## Intro to Recommender Systems: Collaborative Filtering

I've written before about how much I enjoyed Andrew Ng's Coursera Machine Learning course. However, I also mentioned that I thought the course to be lacking a bit in the area of recommender systems. After learning basic models for regression and classification, recommmender systems likely complete the triumvirate of machine learning pillars for data science.

Working at an ecommmerce company, I think a lot about recommender systems and would like to provide an introduction to basic recommendation models. The goal of a recommendation model is to present a ranked list of objects given an input object. Typically, this ranking is based on the similarity between the input object and the listed objects. To be less vague, one often wants to either present similar products to a given product or present products that are personally recommended for a given user.

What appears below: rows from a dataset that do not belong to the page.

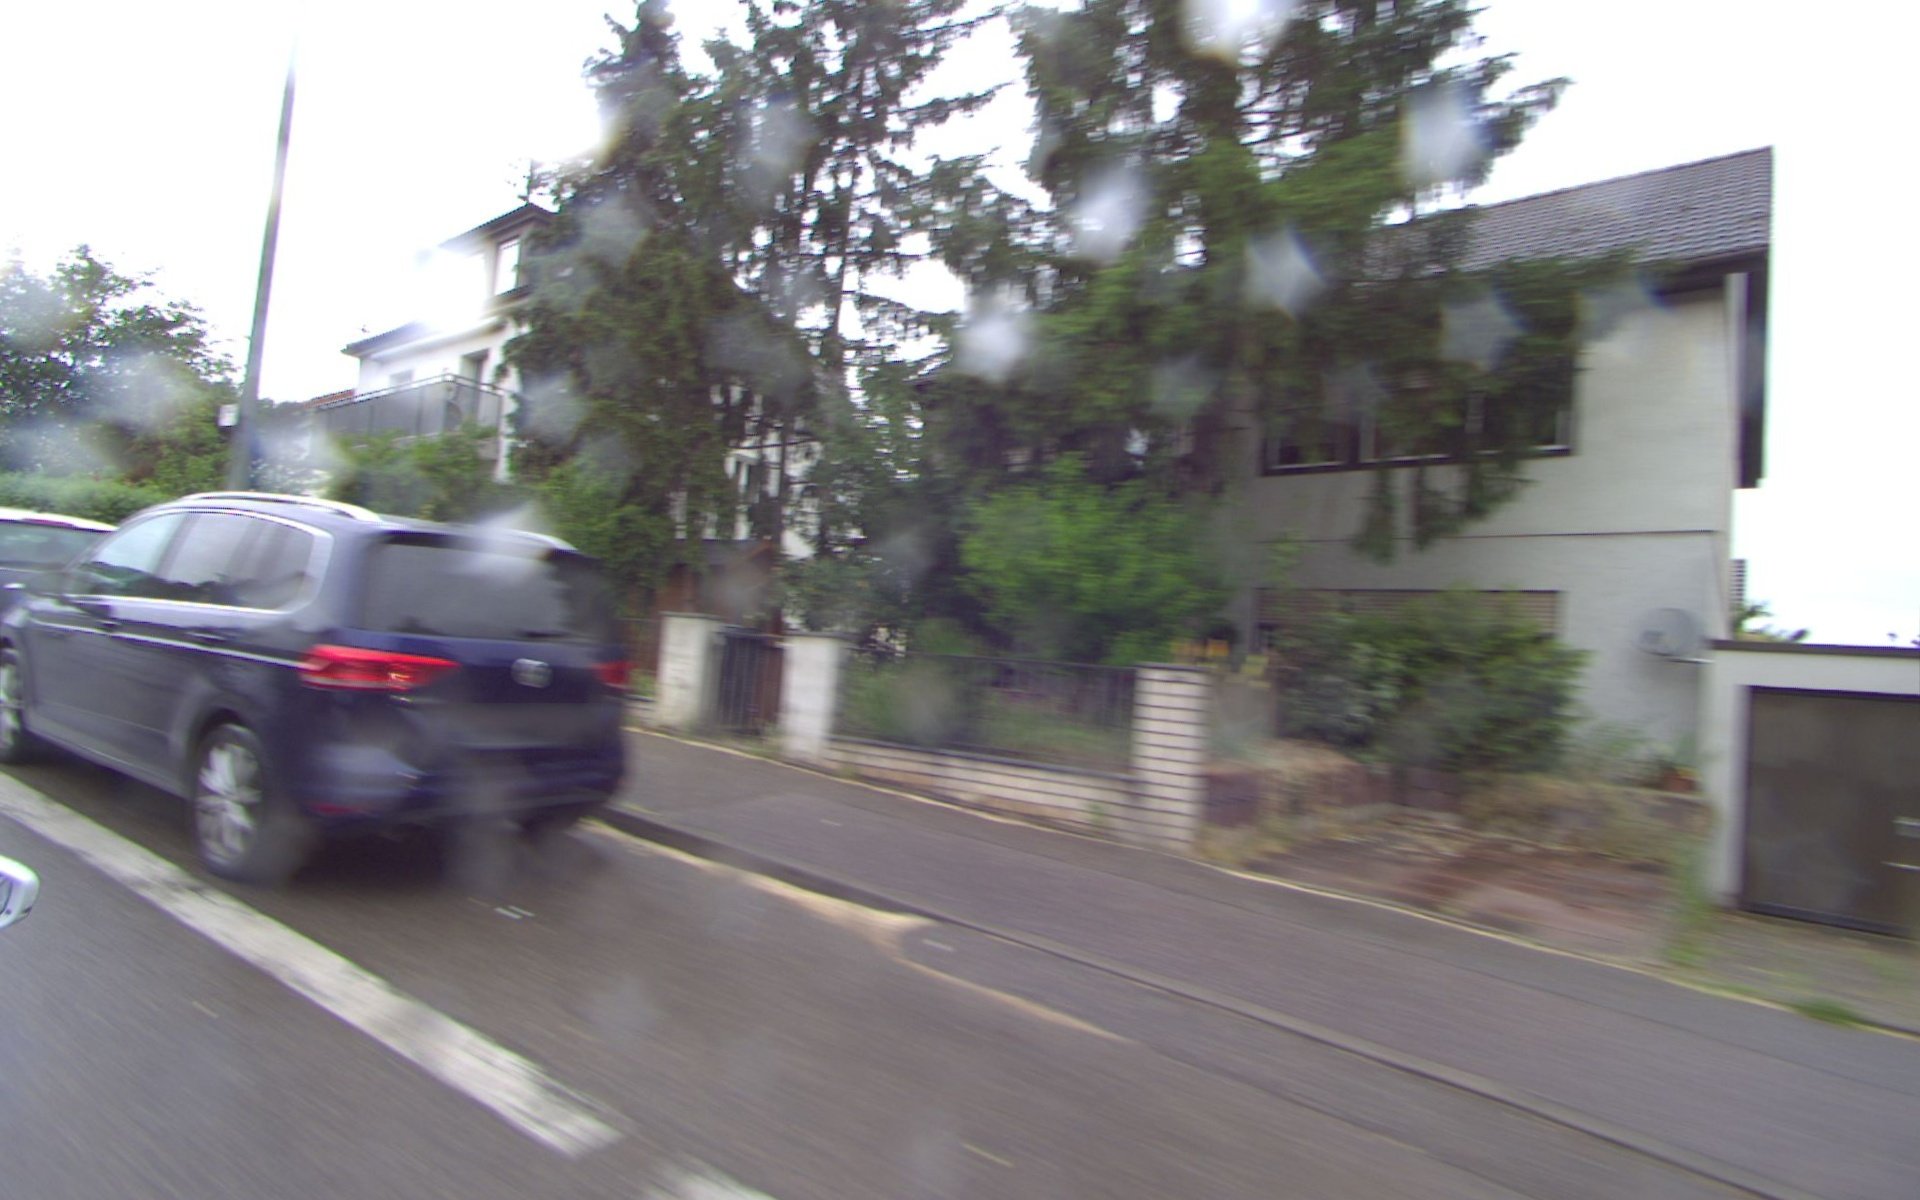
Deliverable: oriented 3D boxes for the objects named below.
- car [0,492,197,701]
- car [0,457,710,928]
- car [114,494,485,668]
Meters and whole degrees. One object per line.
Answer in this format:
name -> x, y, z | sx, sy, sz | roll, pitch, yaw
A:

The astounding thing is that if one has enough user-to-product data (ratings, purchases, etc...), then no other information is necessary to make decent recommendations. This is quite different than regression and classification problems where one must explore various features in order to boost a model's predictive powers.

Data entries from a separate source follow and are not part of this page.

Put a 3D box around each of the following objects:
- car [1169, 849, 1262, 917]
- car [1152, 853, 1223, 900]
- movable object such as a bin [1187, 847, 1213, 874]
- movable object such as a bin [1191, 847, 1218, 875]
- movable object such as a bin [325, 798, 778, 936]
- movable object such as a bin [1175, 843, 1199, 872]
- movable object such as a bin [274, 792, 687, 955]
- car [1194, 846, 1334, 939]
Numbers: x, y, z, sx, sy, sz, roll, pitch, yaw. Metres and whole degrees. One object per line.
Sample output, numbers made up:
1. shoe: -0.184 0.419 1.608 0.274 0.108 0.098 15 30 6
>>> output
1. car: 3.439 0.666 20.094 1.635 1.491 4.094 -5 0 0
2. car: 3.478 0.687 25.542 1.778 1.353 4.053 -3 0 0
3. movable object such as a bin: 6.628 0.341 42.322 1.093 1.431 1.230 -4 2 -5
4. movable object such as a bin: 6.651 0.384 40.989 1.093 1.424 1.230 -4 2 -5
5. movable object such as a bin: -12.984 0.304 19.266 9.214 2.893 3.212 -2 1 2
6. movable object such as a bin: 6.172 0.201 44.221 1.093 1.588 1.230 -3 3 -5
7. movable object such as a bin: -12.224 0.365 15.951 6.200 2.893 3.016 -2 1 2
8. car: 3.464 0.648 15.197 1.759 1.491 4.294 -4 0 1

For this introduction, I'll use the MovieLens dataset - a classic dataset for training recommendation models. It can be obtained from the GroupLens website. There are various datasets, but the one that I will use below consists of 100,000 movie ratings by users (on a 1-5 scale). The main data file consists of a tab-separated list with user-id (starting at 1), item-id (starting at 1), rating, and timestamp as the four fields. We can use bash commands in the Jupyter notebook to download the file and then read it in with pandas.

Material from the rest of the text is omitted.